養生訓283(第六巻 慎病)
病ある人、養生の道をば、かたく慎(つつ)しみて、病をば、うれひ苦しむべからず。憂(うれ)ひ苦しめば、気ふさがりて病(やまい),くはゝる。病おもくても、よく養(やしな)ひて久(ひさ)しければ、おもひしより、病いえやすし。病をうれひて益なし。只、慎むに益あり。もし必死の症(しょう)は、天命(てんめい)の定(さだま)れる所、うれひても益なし。人をくるしむるは、おろかなり。
養生訓(意訳)
仮に、病気になっても憂い苦しんだりしない方が良いです。憂い苦しめば悪くなります。

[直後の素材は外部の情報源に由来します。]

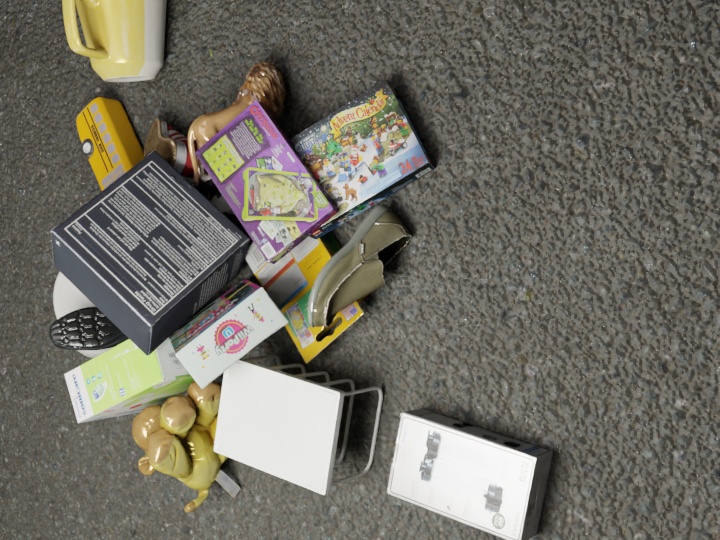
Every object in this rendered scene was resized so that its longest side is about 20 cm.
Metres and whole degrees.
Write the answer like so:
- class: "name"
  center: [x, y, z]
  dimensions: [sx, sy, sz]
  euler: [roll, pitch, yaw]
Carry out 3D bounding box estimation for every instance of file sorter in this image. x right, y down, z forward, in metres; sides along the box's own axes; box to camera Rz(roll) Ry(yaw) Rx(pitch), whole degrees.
- class: "file sorter"
  center: [-0.087, 0.207, 1.358]
  dimensions: [0.198, 0.124, 0.140]
  euler: [13, 98, 32]

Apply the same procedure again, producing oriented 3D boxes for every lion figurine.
- class: "lion figurine"
  center: [-0.186, -0.216, 1.413]
  dimensions: [0.072, 0.199, 0.123]
  euler: [12, 130, 61]

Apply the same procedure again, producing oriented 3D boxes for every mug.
- class: "mug"
  center: [-0.394, -0.382, 1.535]
  dimensions: [0.149, 0.185, 0.155]
  euler: [7, 104, 58]

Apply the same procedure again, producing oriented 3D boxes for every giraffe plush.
- class: "giraffe plush"
  center: [-0.281, 0.257, 1.486]
  dimensions: [0.161, 0.172, 0.202]
  euler: [14, 132, 41]

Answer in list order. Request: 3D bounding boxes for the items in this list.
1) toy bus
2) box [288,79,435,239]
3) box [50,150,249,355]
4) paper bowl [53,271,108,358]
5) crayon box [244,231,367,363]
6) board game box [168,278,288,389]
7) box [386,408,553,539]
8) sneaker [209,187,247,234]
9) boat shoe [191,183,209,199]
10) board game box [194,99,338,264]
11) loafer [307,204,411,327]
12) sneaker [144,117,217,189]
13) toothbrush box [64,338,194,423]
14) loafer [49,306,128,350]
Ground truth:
- class: "toy bus"
  center: [-0.402, -0.182, 1.596]
  dimensions: [0.078, 0.065, 0.201]
  euler: [-35, 71, 25]
- class: "box"
  center: [-0.014, -0.153, 1.338]
  dimensions: [0.199, 0.038, 0.138]
  euler: [-30, 74, 13]
- class: "box"
  center: [-0.303, -0.025, 1.384]
  dimensions: [0.200, 0.198, 0.123]
  euler: [42, 150, 8]
- class: "paper bowl"
  center: [-0.426, 0.046, 1.587]
  dimensions: [0.199, 0.104, 0.203]
  euler: [0, 91, 31]
- class: "crayon box"
  center: [-0.074, 0.016, 1.395]
  dimensions: [0.126, 0.051, 0.201]
  euler: [-41, 69, 25]
- class: "board game box"
  center: [-0.190, 0.082, 1.355]
  dimensions: [0.147, 0.200, 0.065]
  euler: [-38, 102, -9]
- class: "box"
  center: [0.140, 0.263, 1.254]
  dimensions: [0.198, 0.060, 0.118]
  euler: [13, 96, 31]
- class: "sneaker"
  center: [-0.182, -0.111, 1.460]
  dimensions: [0.199, 0.074, 0.089]
  euler: [-21, 57, 37]
- class: "boat shoe"
  center: [-0.334, -0.091, 1.512]
  dimensions: [0.200, 0.063, 0.074]
  euler: [-22, 37, 7]
- class: "board game box"
  center: [-0.132, -0.124, 1.338]
  dimensions: [0.120, 0.032, 0.201]
  euler: [-39, 73, 13]
- class: "loafer"
  center: [0.000, 0.000, 1.299]
  dimensions: [0.069, 0.075, 0.201]
  euler: [31, 73, 16]
- class: "sneaker"
  center: [-0.271, -0.183, 1.521]
  dimensions: [0.200, 0.112, 0.072]
  euler: [44, 117, 57]
- class: "toothbrush box"
  center: [-0.337, 0.160, 1.505]
  dimensions: [0.199, 0.145, 0.087]
  euler: [-25, 77, 29]
- class: "loafer"
  center: [-0.376, 0.088, 1.486]
  dimensions: [0.070, 0.198, 0.069]
  euler: [132, 127, -69]
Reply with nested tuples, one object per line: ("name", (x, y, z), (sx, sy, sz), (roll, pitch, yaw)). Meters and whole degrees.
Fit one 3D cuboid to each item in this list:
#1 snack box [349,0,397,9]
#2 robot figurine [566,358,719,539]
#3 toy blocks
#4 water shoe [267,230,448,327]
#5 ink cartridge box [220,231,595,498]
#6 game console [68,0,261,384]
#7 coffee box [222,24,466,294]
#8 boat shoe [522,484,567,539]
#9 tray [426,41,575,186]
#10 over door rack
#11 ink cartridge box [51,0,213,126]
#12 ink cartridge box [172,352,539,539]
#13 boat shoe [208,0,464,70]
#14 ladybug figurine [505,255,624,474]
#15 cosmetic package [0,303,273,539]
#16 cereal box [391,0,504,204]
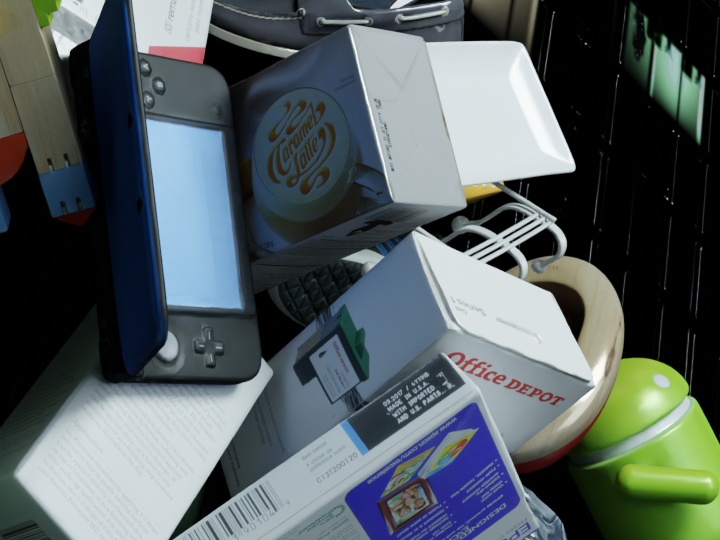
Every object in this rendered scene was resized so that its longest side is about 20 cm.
("snack box", (-0.009, -0.300, 1.383), (0.169, 0.068, 0.200), (42, 41, -11))
("robot figurine", (0.229, 0.158, 1.445), (0.201, 0.115, 0.175), (62, 12, -5))
("toy blocks", (-0.230, -0.074, 0.987), (0.100, 0.199, 0.137), (-108, -177, -70))
("water shoe", (0.000, 0.000, 1.306), (0.199, 0.072, 0.079), (14, 35, -44))
("ink cartridge box", (0.026, 0.082, 1.162), (0.146, 0.200, 0.085), (23, 35, -43))
("game console", (-0.096, -0.044, 1.031), (0.170, 0.118, 0.201), (5, 74, -48))
("coffee box", (-0.043, -0.063, 1.158), (0.080, 0.199, 0.115), (0, 73, -51))
("boat shoe", (0.137, 0.244, 1.331), (0.201, 0.071, 0.091), (55, 44, -14))
("tray", (0.071, -0.106, 1.271), (0.200, 0.022, 0.108), (-10, 73, -50))
("over door rack", (0.034, -0.053, 1.270), (0.200, 0.067, 0.148), (45, 31, 12))
("ink cartridge box", (-0.193, -0.169, 1.125), (0.200, 0.084, 0.145), (31, 52, -37))
("ink cartridge box", (0.003, 0.160, 1.102), (0.043, 0.198, 0.200), (51, -7, 35))
("boat shoe", (-0.021, -0.183, 1.290), (0.199, 0.063, 0.073), (8, 24, -14))
("ladybug figurine", (0.130, 0.078, 1.366), (0.200, 0.135, 0.072), (-63, 146, -36))
("cosmetic package", (-0.142, 0.095, 1.071), (0.102, 0.071, 0.200), (52, 41, -18))
("cereal box", (0.028, -0.141, 1.408), (0.144, 0.039, 0.201), (-16, 86, -49))

ただ、養生の道を続ければ良いのです。憂いても何の益にもなりません。何があっても養生を続けていれば後悔だけは、ありません。周囲を苦しめるのは愚かです。
通解
病気のある人は、養生の方法を厳格に守り、病気を苦にせずに受け入れるべきです。悲嘆や苦悩は、気を閉じ込め、病気を悪化させることがあります。病気が重くても、適切に養生をし続ければ、思ったよりも回復しやすくなります。病気を苦にすることは何の益にもなりません。ただし、絶望的な状態にある場合は、それが運命と悟り、その場合には苦しむことは無駄です。他人を苦しめることは愚かな行為です。